Closed Bug 1248444 Opened 8 years ago Closed 8 years ago

splitwise.com fails to load because it relies on writing to cross origin style sheets (which throws a SecurityError in Gecko)

Categories

(Web Compatibility :: Site Reports, defect)

defect
Not set
normal

Tracking

(firefox44 unaffected, firefox45 unaffected, firefox46- unaffected, firefox47+ unaffected, firefox48 unaffected)

RESOLVED FIXED
Tracking Status
firefox44 --- unaffected
firefox45 --- unaffected
firefox46 - unaffected
firefox47 + unaffected
firefox48 --- unaffected

People

(Reporter: jdm, Unassigned)

References

Details

(Keywords: regression)

Attachments

(1 file)

mozregression traced this to bug 1241021. To reproduce, create a Splitwise account and log in. On FF 45, you get a usable interface. On any more recent version (since bug 1241021 has been uplifted) you get a big "Loading" message that never goes away, and the web console contains a "SecurityError: The operation is insecure." that I haven't been able to track down.
webkit prefix support is behind an RELEASE_BUILD #ifdef guard for now (bug 1238827), which means this won't ship past Aurora for now.  So while DevEdition 46 is affected, Beta/Release 46 should not be.

So, I'm not sure it's worth tracking this for Firefox46 via tracking flags, but I'll leave those untouched for now.  (I'm also not sure what the correct setting of "status-firefox46" is in this scenario; not worrying about that for now.)

Anyway -- Mike, would you be up for diagnosing this?
Flags: needinfo?(miket)
Yep, will take a look first thing in the morning (leaving ni?).
Actually, this stuff keeps me up at night. The security error is coming from `document.styleSheets[0].insertRule(s, 0)` in:

if (document.createElement('div').style.WebkitAnimationName !== undefined) {
  var i = {
  };
  n = function (e, t, n) {
    if (!i[t]) {
      var r = 'spin' + t,
      s = '@-webkit-keyframes ' + r + ' {';
      for (var o = 0; o < t; o++) {
        var u = Math.round(100000 / t * o) / 1000,
        a = Math.round(100000 / t * (o + 1) - 1) / 1000,
        f = '% { -webkit-transform:rotate(' + Math.round(360 / t * o) + 'deg); }\n';
        s += u + f + a + f
      }
      s += '100% { -webkit-transform:rotate(100deg); }\n}',
      document.styleSheets[0].insertRule(s, 0),
      i[t] = r
    }
    e.css('-webkit-animation', i[t] + ' ' + n + 's linear infinite')
  }
}


document.styleSheets[0].href is "https://fonts.googleapis.com/css?family=Lato:400,400italic,700", time to learn about cross origin styleSheet manipulation differences between Chrome and Firefox...
Flags: needinfo?(miket)
According to Boris in http://stackoverflow.com/a/15233597, Chrome can write to a cross origin style sheet but not read. And we don't allow either due to it being a potential XSS vector.
It seems IE11, Edge, WebKit, Blink and Presto all allow this, based on the simple attached test case. How much work would it be to allow this and have it be safe?
It seems like we're doing the right thing according to https://drafts.csswg.org/cssom/#dom-cssstylesheet-insertrule, but that doesn't match the reality of other major implementations (and apparently sites that rely on this behavior).
paging bz for thoughts on comment 6 (sounds like he's thought about this before, given comment 4)
Flags: needinfo?(bzbarsky)
> How much work would it be to allow this and have it be safe?

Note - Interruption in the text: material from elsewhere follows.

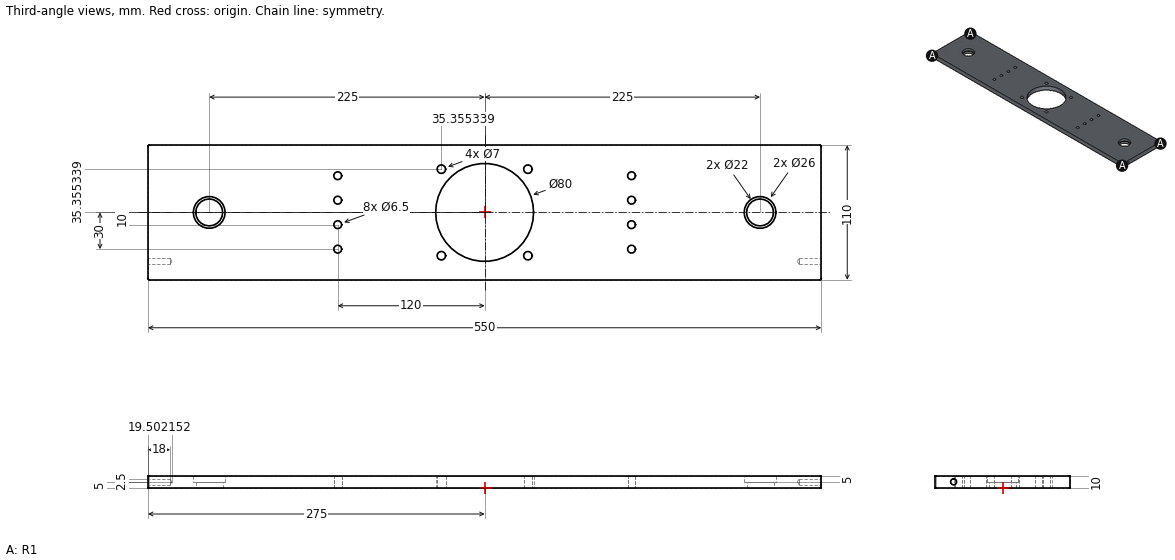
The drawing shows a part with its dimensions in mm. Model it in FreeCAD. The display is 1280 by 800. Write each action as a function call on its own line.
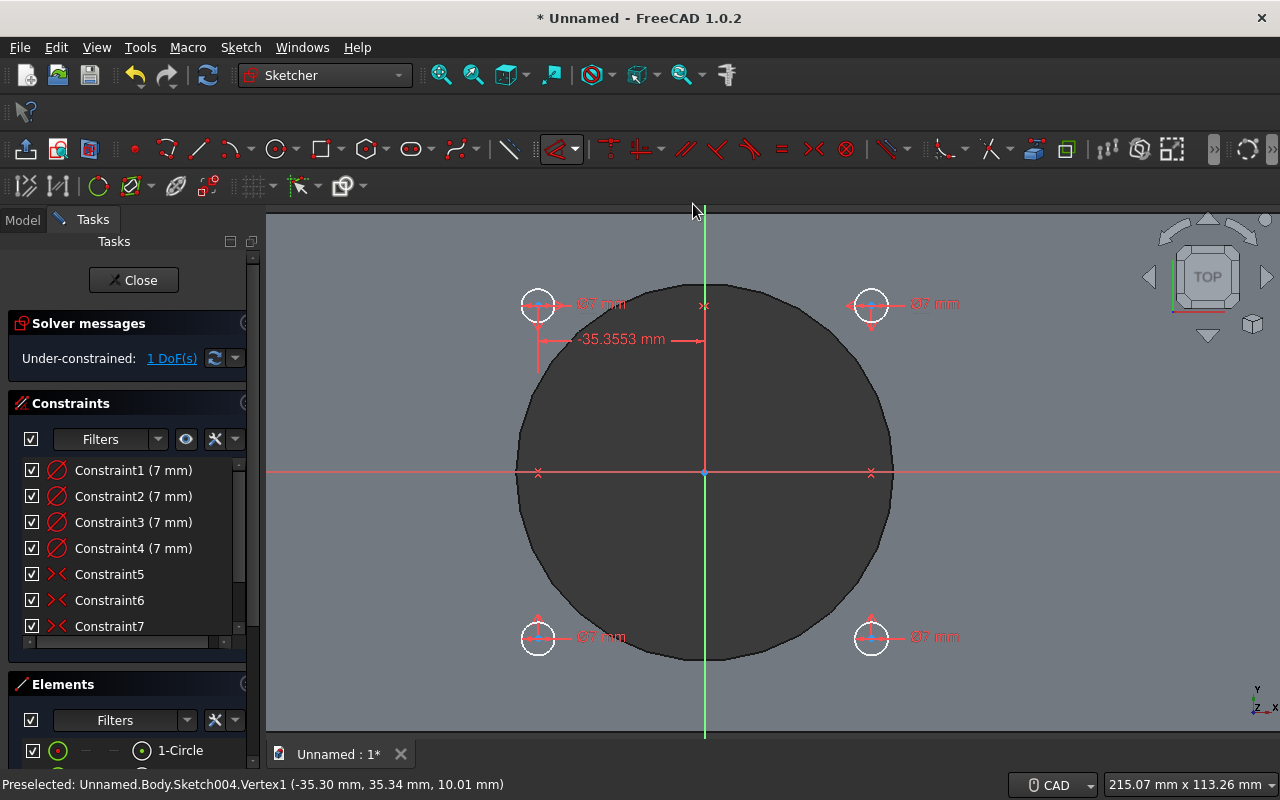
click(538, 306)

Allowing it is trivial.  Having it be safe is ... unclear.  We'd have to check all the places where the sheet principal is used, figure out what it's used for, and then decide what issues would arise as a result.  But a priori it seems like any place where we use the sheet principal, not the document one, becomes an attack vector.  This is particularly bad if the page ever gets its hands on a privileged enough sheet (e.g. injected by an extension).  I would _really_ like to know what other browsers do in those situations, once we identify what the relevant situations are.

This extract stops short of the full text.